(What is being asked) Count how many lines in the data hold the word "instance", and give that number alone.

━━━━━━━━━━

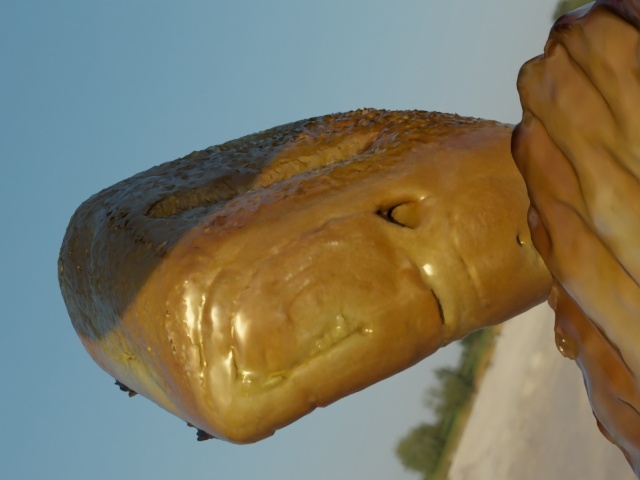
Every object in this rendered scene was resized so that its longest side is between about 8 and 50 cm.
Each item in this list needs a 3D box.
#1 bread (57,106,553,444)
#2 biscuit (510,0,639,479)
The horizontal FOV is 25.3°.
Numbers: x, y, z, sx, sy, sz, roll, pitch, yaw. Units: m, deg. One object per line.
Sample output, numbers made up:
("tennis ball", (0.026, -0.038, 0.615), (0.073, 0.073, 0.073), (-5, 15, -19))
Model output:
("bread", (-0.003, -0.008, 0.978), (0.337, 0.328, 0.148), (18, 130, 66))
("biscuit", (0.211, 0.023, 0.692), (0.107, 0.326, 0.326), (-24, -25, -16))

━━━━━━━━━━

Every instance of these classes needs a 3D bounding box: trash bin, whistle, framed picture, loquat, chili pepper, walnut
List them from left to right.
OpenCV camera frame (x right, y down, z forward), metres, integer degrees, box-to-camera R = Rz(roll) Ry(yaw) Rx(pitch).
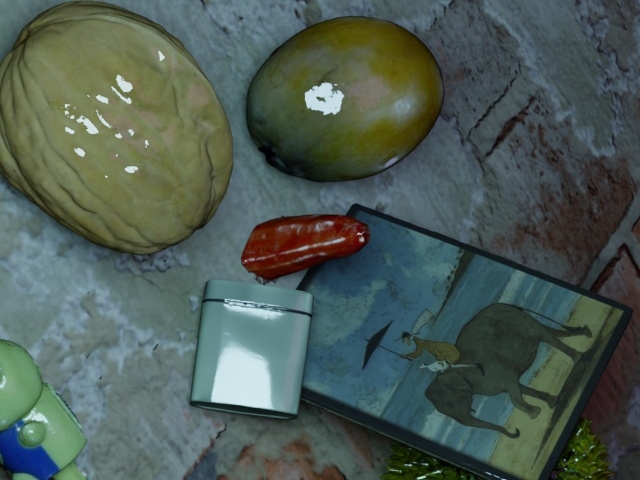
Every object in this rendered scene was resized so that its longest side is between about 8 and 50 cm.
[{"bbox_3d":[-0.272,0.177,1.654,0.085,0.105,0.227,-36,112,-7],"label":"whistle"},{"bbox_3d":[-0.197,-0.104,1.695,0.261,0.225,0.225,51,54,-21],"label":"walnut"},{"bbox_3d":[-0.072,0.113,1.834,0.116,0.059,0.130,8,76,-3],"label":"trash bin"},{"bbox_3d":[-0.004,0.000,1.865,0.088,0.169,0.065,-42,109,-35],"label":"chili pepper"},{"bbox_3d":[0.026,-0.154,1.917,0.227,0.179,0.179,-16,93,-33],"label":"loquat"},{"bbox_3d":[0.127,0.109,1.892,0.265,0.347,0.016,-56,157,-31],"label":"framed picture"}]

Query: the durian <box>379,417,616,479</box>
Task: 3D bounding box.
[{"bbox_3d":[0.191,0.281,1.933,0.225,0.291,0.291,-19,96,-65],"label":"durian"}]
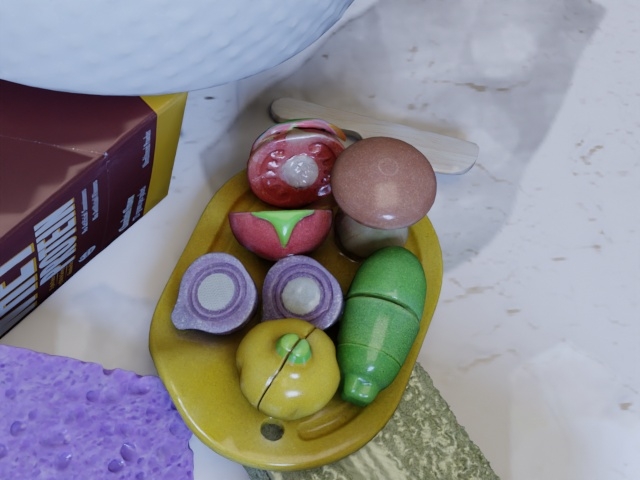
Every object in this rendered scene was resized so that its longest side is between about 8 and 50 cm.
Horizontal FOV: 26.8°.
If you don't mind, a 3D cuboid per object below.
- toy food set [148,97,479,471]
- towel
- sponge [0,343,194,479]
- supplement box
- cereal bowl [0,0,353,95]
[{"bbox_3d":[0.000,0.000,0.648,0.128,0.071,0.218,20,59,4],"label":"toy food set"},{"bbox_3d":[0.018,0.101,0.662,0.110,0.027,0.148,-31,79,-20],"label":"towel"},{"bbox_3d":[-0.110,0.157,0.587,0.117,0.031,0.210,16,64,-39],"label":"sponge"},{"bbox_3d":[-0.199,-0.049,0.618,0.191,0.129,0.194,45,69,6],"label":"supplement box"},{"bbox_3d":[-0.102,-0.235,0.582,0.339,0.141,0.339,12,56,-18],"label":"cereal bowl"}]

━━━━━━━━━━

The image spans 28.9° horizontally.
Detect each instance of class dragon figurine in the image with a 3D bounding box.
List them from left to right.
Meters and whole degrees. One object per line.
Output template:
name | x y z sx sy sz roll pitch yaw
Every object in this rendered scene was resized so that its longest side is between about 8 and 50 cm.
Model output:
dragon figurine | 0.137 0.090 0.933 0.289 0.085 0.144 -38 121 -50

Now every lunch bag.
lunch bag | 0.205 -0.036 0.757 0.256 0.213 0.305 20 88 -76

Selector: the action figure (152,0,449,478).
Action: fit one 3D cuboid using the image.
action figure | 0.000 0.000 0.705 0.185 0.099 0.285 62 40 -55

━━━━━━━━━━

(Exercise result) 2